**WHAT YOU HAVE TO DO**.
Leaving every picture out, repeat all of the entries below exactly.

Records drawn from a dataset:
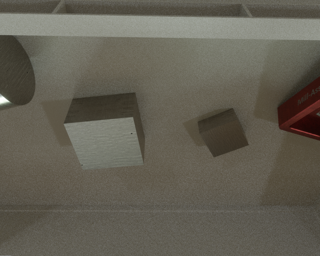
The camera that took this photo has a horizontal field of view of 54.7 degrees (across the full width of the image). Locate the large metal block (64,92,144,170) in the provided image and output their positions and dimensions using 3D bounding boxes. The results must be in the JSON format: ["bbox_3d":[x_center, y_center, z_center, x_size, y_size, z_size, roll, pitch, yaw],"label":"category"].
[{"bbox_3d":[-0.066,0.005,0.396,0.080,0.050,0.080,-5,130,4],"label":"large metal block"}]

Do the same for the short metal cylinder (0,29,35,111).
[{"bbox_3d":[-0.176,-0.057,0.322,0.050,0.080,0.080,-12,129,10],"label":"short metal cylinder"}]

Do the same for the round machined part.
[{"bbox_3d":[0.166,0.199,0.539,0.099,0.098,0.042,-4,117,3],"label":"round machined part"}]

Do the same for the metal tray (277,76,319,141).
[{"bbox_3d":[0.212,-0.028,0.354,0.091,0.030,0.129,15,151,-13],"label":"metal tray"}]

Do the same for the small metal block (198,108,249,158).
[{"bbox_3d":[0.085,0.007,0.417,0.050,0.025,0.050,-22,127,17],"label":"small metal block"}]

**RESULT OF THE TASK**.
The camera that took this photo has a horizontal field of view of 54.7 degrees (across the full width of the image). Locate the large metal block (64,92,144,170) in the provided image and output their positions and dimensions using 3D bounding boxes. The results must be in the JSON format: ["bbox_3d":[x_center, y_center, z_center, x_size, y_size, z_size, roll, pitch, yaw],"label":"category"].
[{"bbox_3d":[-0.066,0.005,0.396,0.080,0.050,0.080,-5,130,4],"label":"large metal block"}]

Do the same for the short metal cylinder (0,29,35,111).
[{"bbox_3d":[-0.176,-0.057,0.322,0.050,0.080,0.080,-12,129,10],"label":"short metal cylinder"}]

Do the same for the round machined part.
[{"bbox_3d":[0.166,0.199,0.539,0.099,0.098,0.042,-4,117,3],"label":"round machined part"}]

Do the same for the metal tray (277,76,319,141).
[{"bbox_3d":[0.212,-0.028,0.354,0.091,0.030,0.129,15,151,-13],"label":"metal tray"}]

Do the same for the small metal block (198,108,249,158).
[{"bbox_3d":[0.085,0.007,0.417,0.050,0.025,0.050,-22,127,17],"label":"small metal block"}]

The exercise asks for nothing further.